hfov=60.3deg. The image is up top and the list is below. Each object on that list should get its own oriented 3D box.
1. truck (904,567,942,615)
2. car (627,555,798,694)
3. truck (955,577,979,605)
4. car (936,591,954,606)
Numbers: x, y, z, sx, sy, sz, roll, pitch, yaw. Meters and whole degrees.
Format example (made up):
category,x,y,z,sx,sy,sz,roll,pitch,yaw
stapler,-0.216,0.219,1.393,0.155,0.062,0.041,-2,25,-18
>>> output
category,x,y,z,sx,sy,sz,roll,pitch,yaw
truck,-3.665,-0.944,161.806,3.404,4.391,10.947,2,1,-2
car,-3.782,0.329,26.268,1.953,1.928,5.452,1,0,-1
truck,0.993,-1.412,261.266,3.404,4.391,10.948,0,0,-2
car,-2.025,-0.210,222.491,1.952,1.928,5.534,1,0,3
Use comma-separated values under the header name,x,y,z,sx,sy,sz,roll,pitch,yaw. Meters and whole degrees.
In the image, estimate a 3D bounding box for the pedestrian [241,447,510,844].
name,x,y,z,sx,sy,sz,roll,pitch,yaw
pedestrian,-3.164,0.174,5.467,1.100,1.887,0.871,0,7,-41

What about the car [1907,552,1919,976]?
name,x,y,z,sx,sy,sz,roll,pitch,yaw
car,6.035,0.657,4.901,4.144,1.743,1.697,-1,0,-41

= = = = = = =

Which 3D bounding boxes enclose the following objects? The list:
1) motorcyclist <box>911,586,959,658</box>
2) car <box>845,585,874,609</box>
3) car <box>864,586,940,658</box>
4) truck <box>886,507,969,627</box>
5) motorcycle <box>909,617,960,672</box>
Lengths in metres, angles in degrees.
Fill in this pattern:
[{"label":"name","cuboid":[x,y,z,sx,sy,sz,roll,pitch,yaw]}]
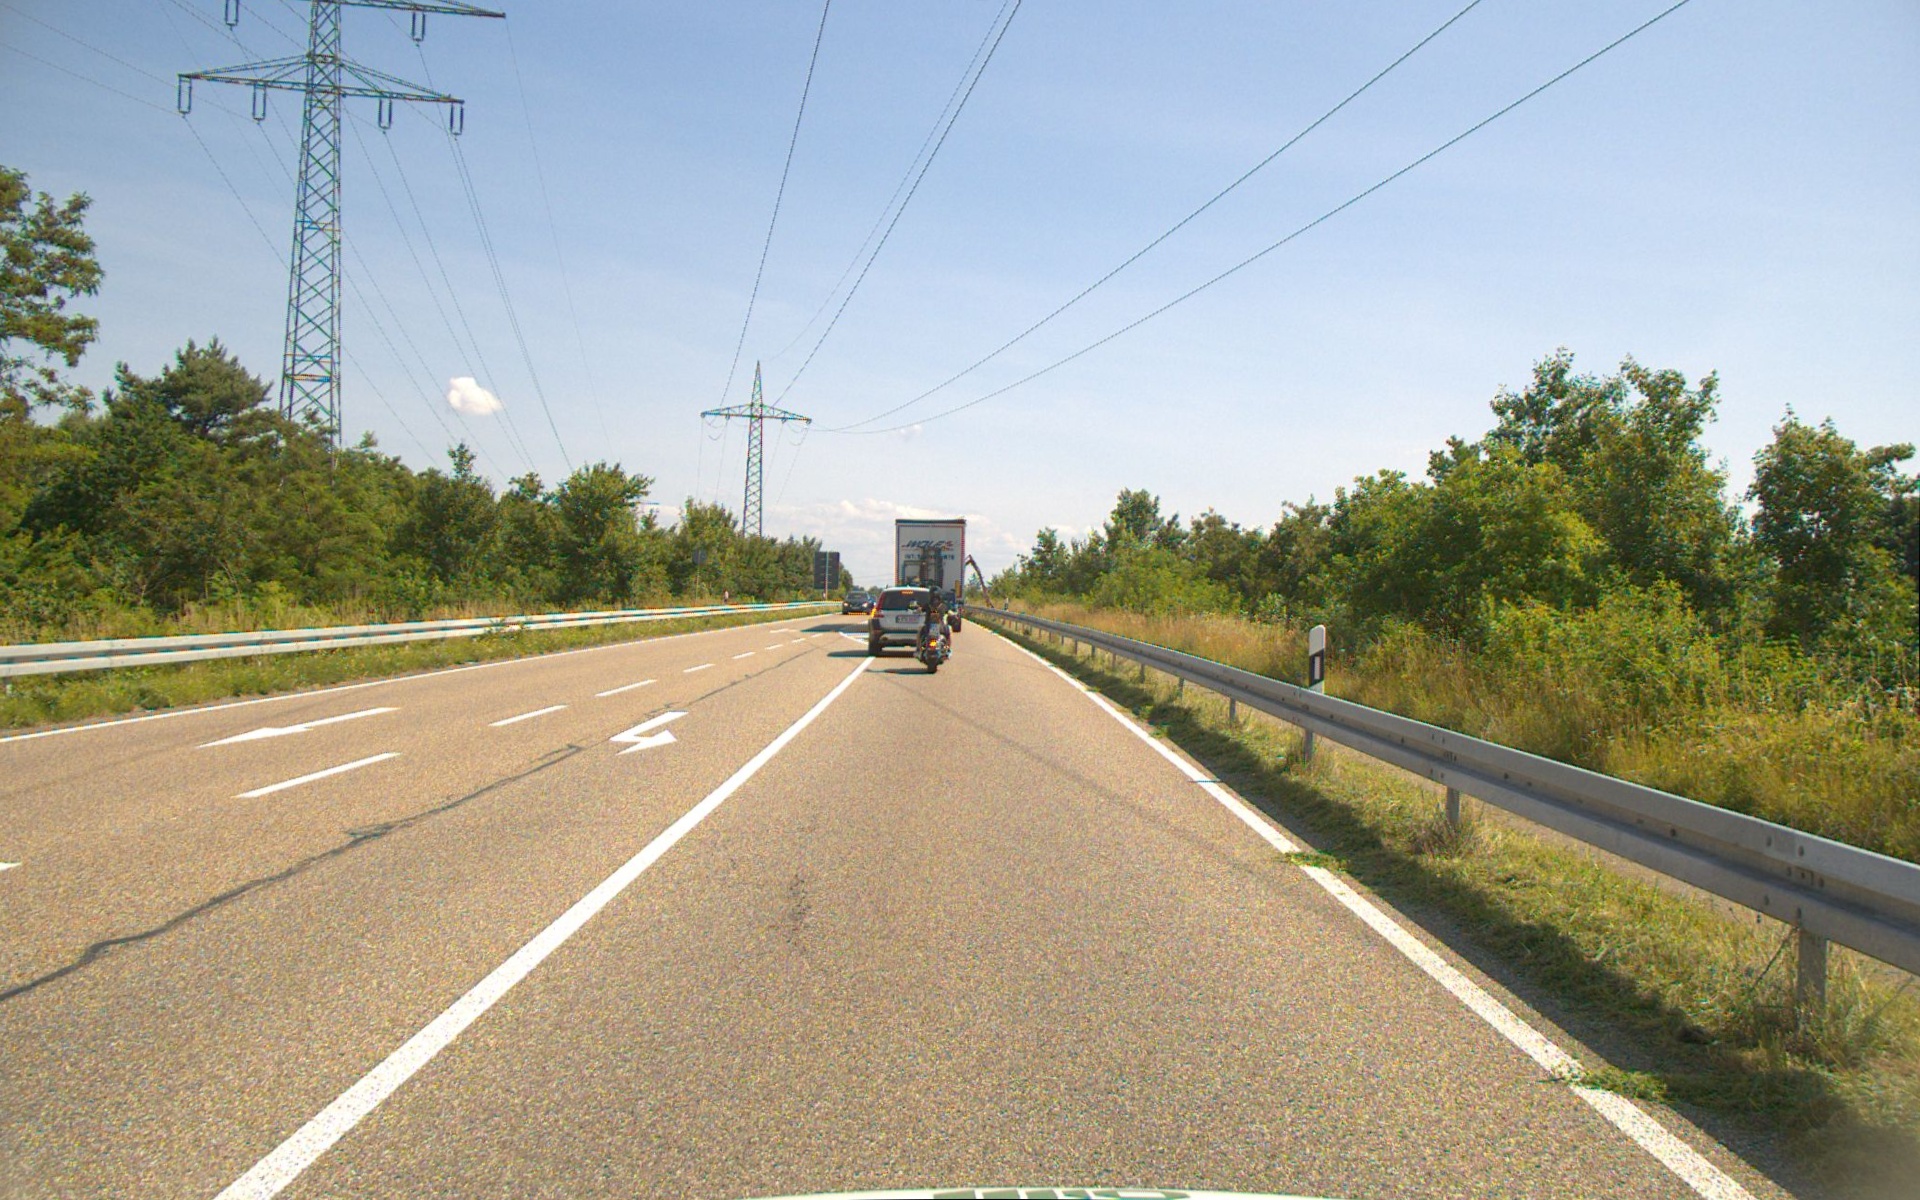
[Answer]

= = = = = = =

# THE PROBLEM:
The answer is each line in which the word "Meters" occurs, copied from the material above.

# RESULT:
Numbers: x, y, z, sx, sy, sz, roll, pitch, yaw. Meters and whole degrees.
Use comma-separated values under the header name,x,y,z,sx,sy,sz,roll,pitch,yaw. Meters and whole degrees.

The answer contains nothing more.